Его посылали в ночное в луга, и там, стреножив лошадей, он падал навзничь в густые одуряюще пахучие травы, смотрел неотрывно на узкий остро блестевший месяц, шептал: «Любочка! Любочка!» Потом обозлился, стал замкнутым. Люба ему ещё долго виделась в объятиях мужа и ожесточала.
Сейчас Москанин, сидя за столом напротив него, царапнул его взглядом, спросил:
– Среди хозяйских дочек уродок не было? Не намечали тебя в мужья?
Маркел растерялся – вспомнил: «Она ж не уродка». Мрачный, помолчал и ответил:
– В мужья не намечали.
Он и командир были одни в горнице, тот произнёс тоном просьбы:
– Не скажешь мне прямо, что хозяин говорил о советской власти?
Неделяев стал добросовестно вспоминать.
– Да почти ничего не говорил, – ответил, напрягая память.
– Почти? – зацепил Москанин.
– Сказал только: новая власть устанавливается по стране, чего только о ней не говорят. Но какая она для нас, мы, дескать, увидим, когда она у нас установится.

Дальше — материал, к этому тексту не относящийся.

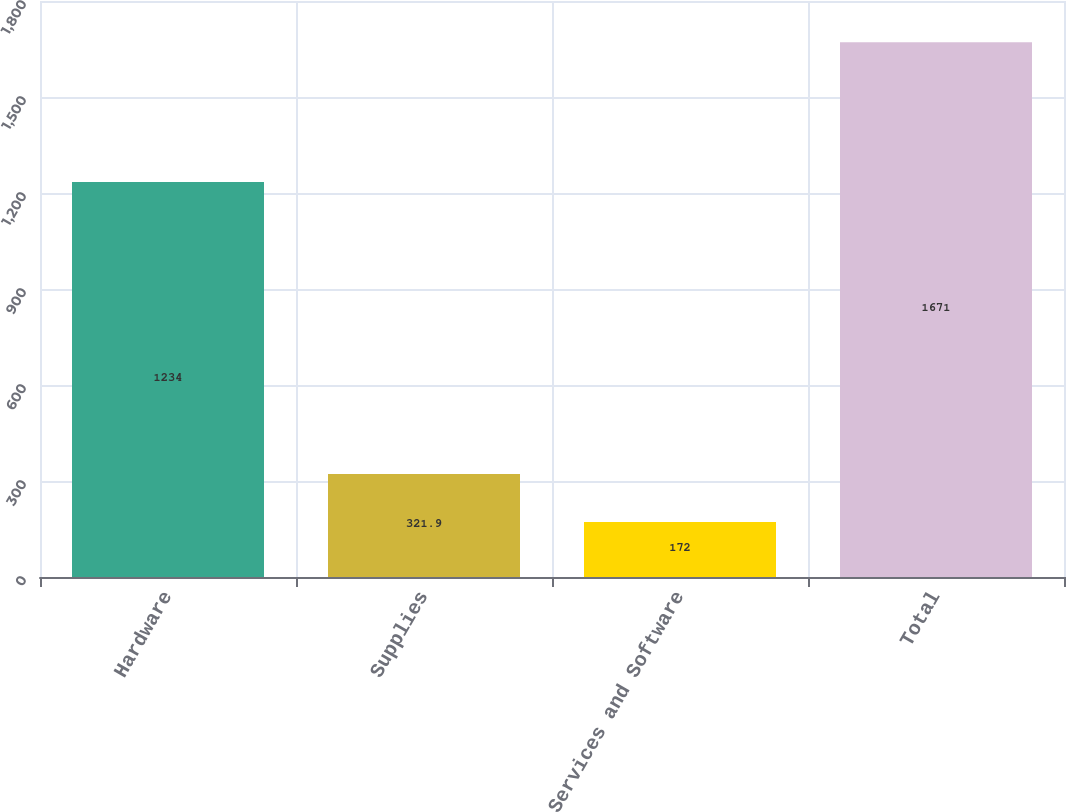Convert chart. <chart><loc_0><loc_0><loc_500><loc_500><bar_chart><fcel>Hardware<fcel>Supplies<fcel>Services and Software<fcel>Total<nl><fcel>1234<fcel>321.9<fcel>172<fcel>1671<nl></chart>

Маркел, ничего более не вспомнив, открыто смотрел в глаза человеку во френче.
– Так. Значит, он увидел… – со значением произнёс тот.
12
Заряжал снегопад, казалось, надолго, но вдруг открывалось солнце, и обильно выпавший снег таял, старые сугробы вдоль заборов словно усыхали. С утра Москанин ездил по Саврухе, где красные стояли почти в каждой избе, смотрел, как из амбаров забирают зерно, грузят мешки на сани, как из хлевов выводят скот. Обозы с коровами, привязанными к задкам возов, с гуртами овец в хвосте, под конной охраной отправлялись на железнодорожную станцию. Сани двигались тяжеловато по разбитой размокшей дороге, снег шипел под полозьями.
Командир выезжал в ближние деревни, убил там троих владельцев крепких хозяйств. Продолжал интересоваться и жителями Саврухи: застрелил хозяина шорной мастерской розоволицего седоватого, но с чёрными усами Измалкова и ещё двоих справных селян.
Софье Ивановне было велено готовить больше каймака, и вечерами отдыхающий постоялец, сидя за самоваром, пил чай с горячими пышками и каймаком, говорил Маркелу и Илье об овладении средствами всемирного могущества. Наука откроет такое, что издали можно будет в глубине вражеской территории вызывать температуру, от которой воспламенятся леса и деревянные строения. Станет возможным вызывать чудовищные смерчи над землёй противника.
Маркел сидел за столом, стараясь сосредоточенно-важным видом скрывать восторг. Илья налегал на пышки, каймак, отправлял в рот кусочки колотого сахара.